(Records contained in a dataset)
• • • •

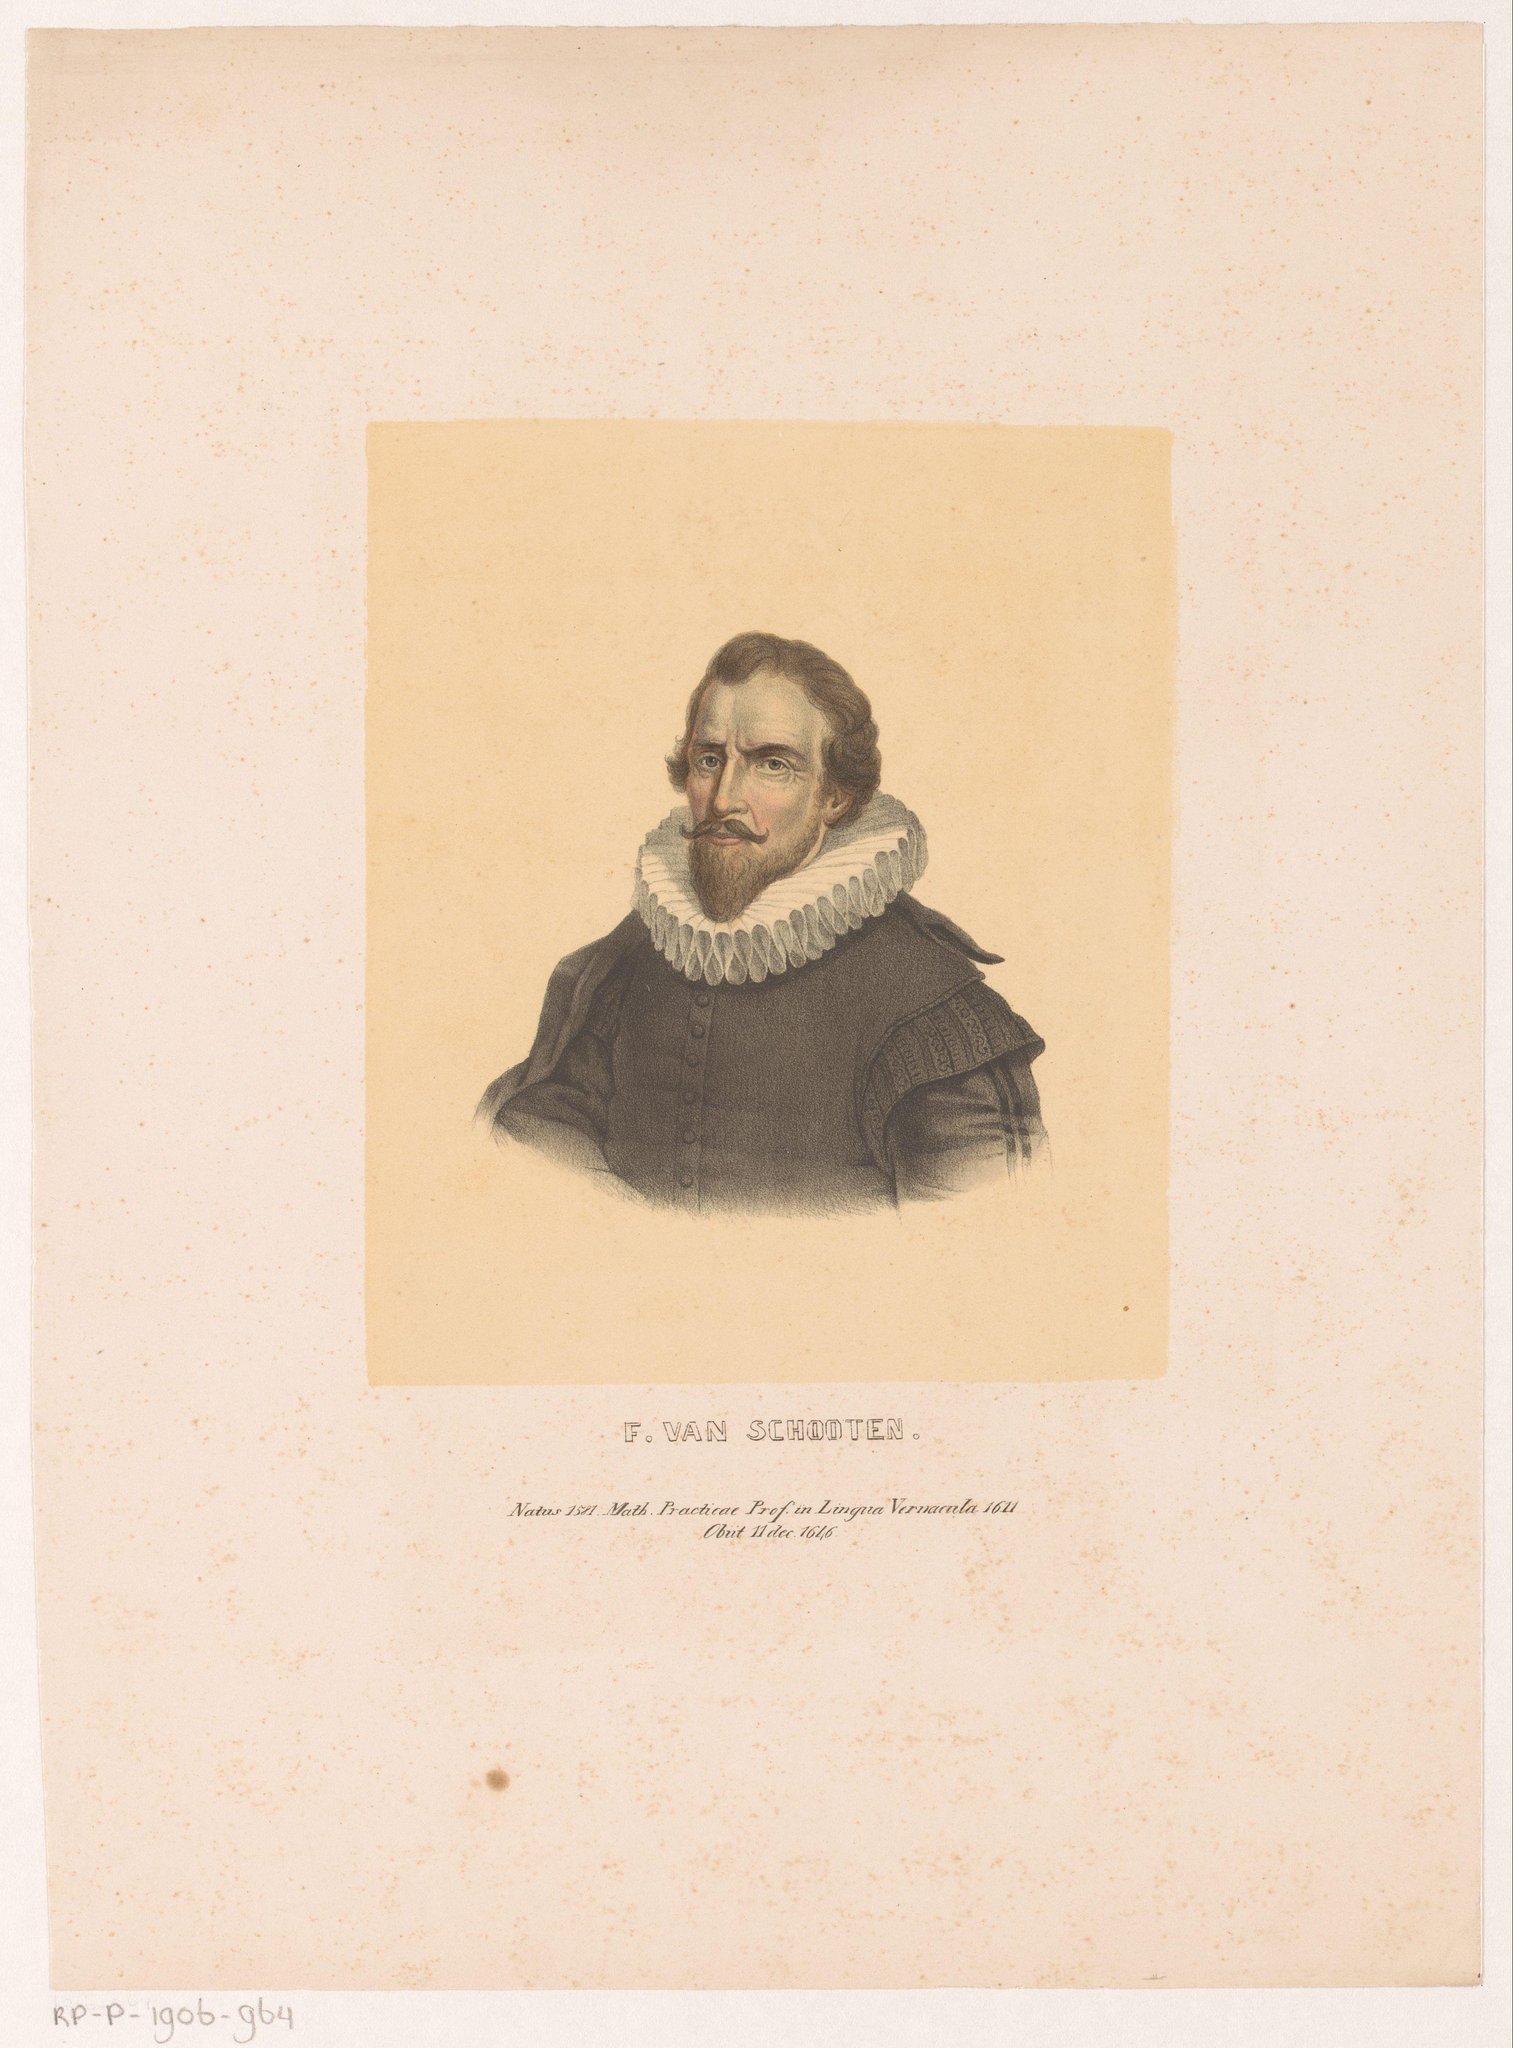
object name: print
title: F. van Schooten
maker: leendert springer (i)
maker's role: draughtsman, painter, print maker
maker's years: 1789-1871
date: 1850
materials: paper
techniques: lithograph
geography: leiden
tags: historical persons
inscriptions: collector's mark: Lugt 2228
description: Prent uit: Springer, Leendert. Galerij van hoogleeraren aan de Hoogeschool te Leijden, naar de oorspronkelijke afbeeldsels op de Senaat-zaal aldaar berustende. Leiden: Springer, Leendert., s.a. [circa 1850].
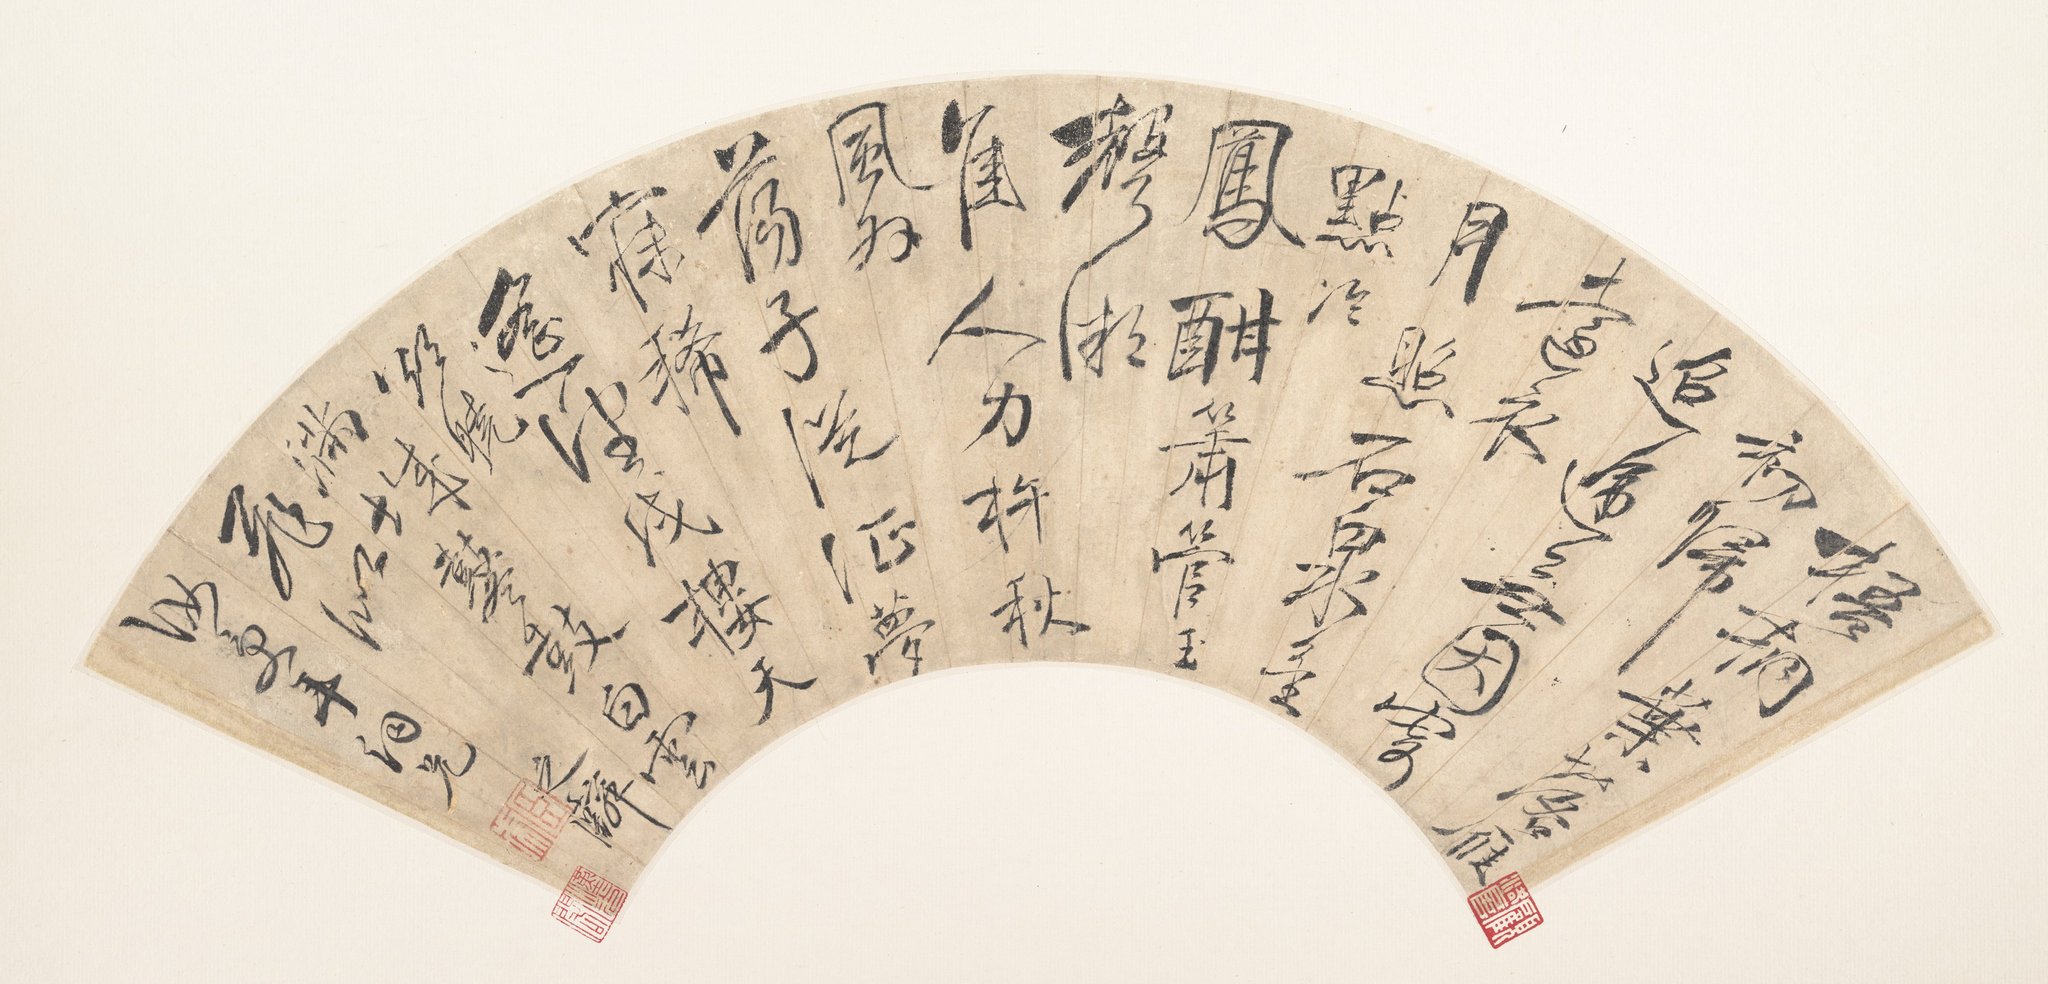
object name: folding fan mounted a an album leaf
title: Poem
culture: chinese
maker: zou zhilin
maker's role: artist
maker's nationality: chinese
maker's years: 1574-1664
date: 1574-1644
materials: ink, mica, paper
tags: poetry,calligraphy
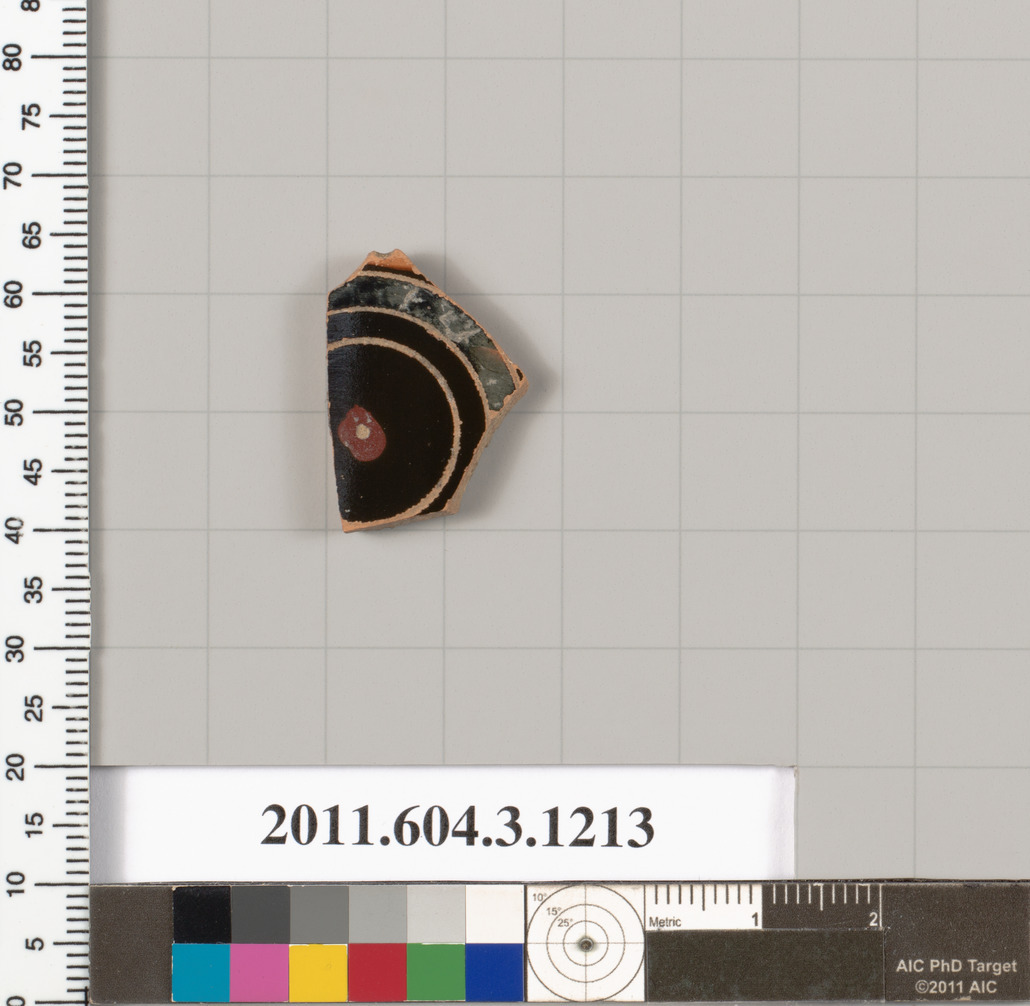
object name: mastoid or kyathos fragment
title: Terracotta fragment of a mastoid (drinking cup with narrow base) or a kyathos (cup-shaped ladle)
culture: greek, attic
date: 534-468 BCE
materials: terracotta
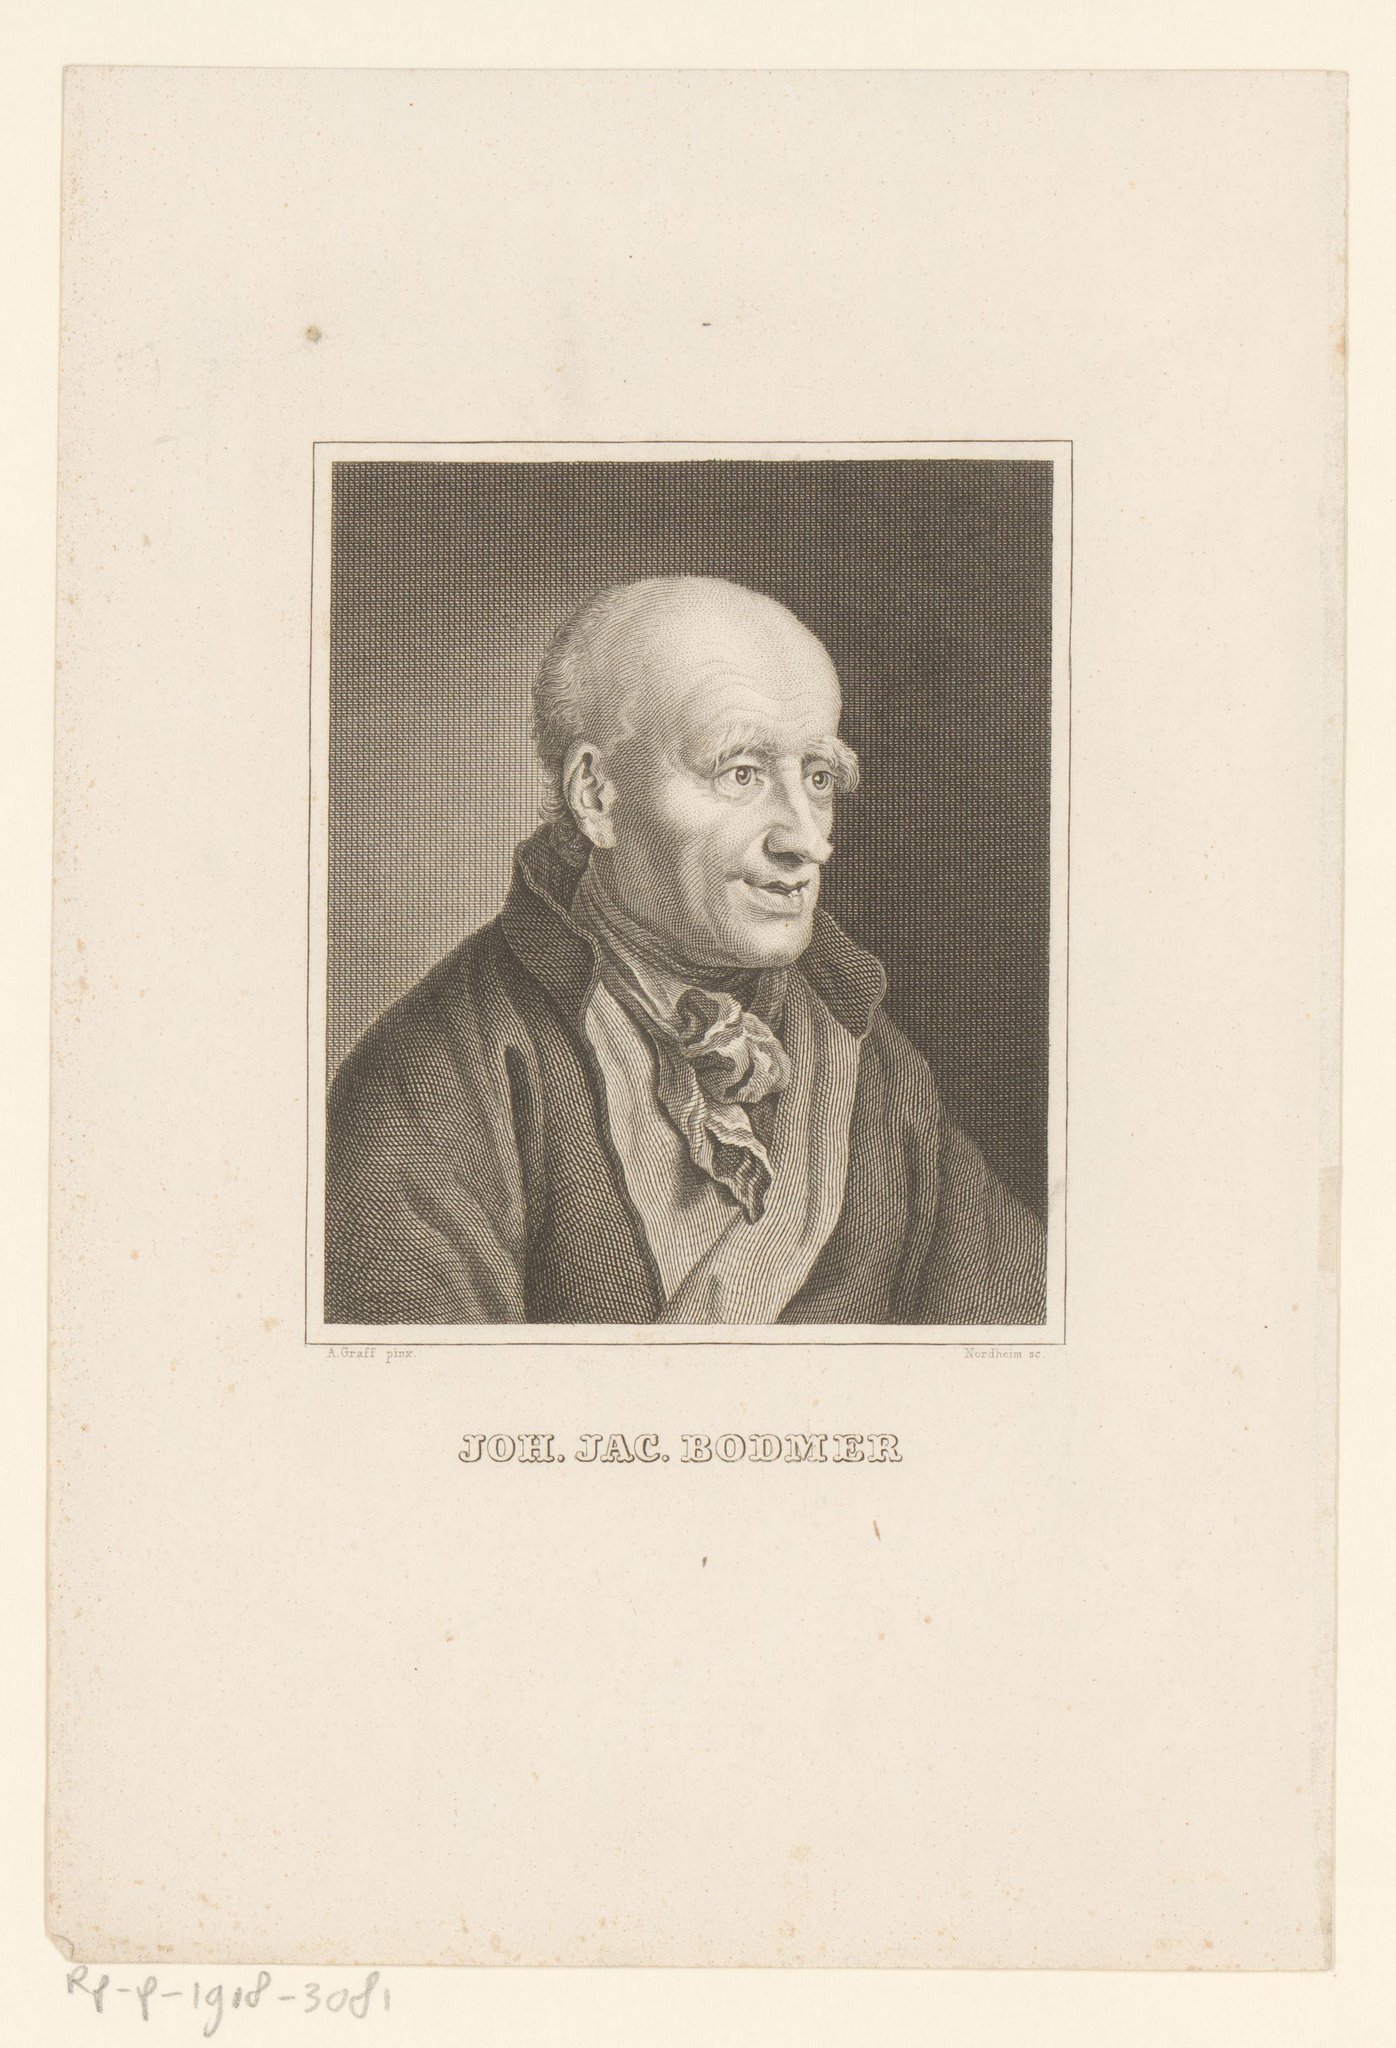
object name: print
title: Portret van Johann Jacob Bodmer
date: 1814-1829
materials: paper
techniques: engraving
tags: historical persons
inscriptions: collector's mark: Lugt 2228
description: Afkomstig uit de portretserie 'Zeitgenossen', uitgegeven tussen 1829 en circa 1840.

• • • •

**ASSIGNMENT**. Exact output of each line above is wanted, without the pictures.

**FINAL ANSWER**.
object name: print
title: F. van Schooten
maker: leendert springer (i)
maker's role: draughtsman, painter, print maker
maker's years: 1789-1871
date: 1850
materials: paper
techniques: lithograph
geography: leiden
tags: historical persons
inscriptions: collector's mark: Lugt 2228
description: Prent uit: Springer, Leendert. Galerij van hoogleeraren aan de Hoogeschool te Leijden, naar de oorspronkelijke afbeeldsels op de Senaat-zaal aldaar berustende. Leiden: Springer, Leendert., s.a. [circa 1850].
object name: folding fan mounted a an album leaf
title: Poem
culture: chinese
maker: zou zhilin
maker's role: artist
maker's nationality: chinese
maker's years: 1574-1664
date: 1574-1644
materials: ink, mica, paper
tags: poetry,calligraphy
object name: mastoid or kyathos fragment
title: Terracotta fragment of a mastoid (drinking cup with narrow base) or a kyathos (cup-shaped ladle)
culture: greek, attic
date: 534-468 BCE
materials: terracotta
object name: print
title: Portret van Johann Jacob Bodmer
date: 1814-1829
materials: paper
techniques: engraving
tags: historical persons
inscriptions: collector's mark: Lugt 2228
description: Afkomstig uit de portretserie 'Zeitgenossen', uitgegeven tussen 1829 en circa 1840.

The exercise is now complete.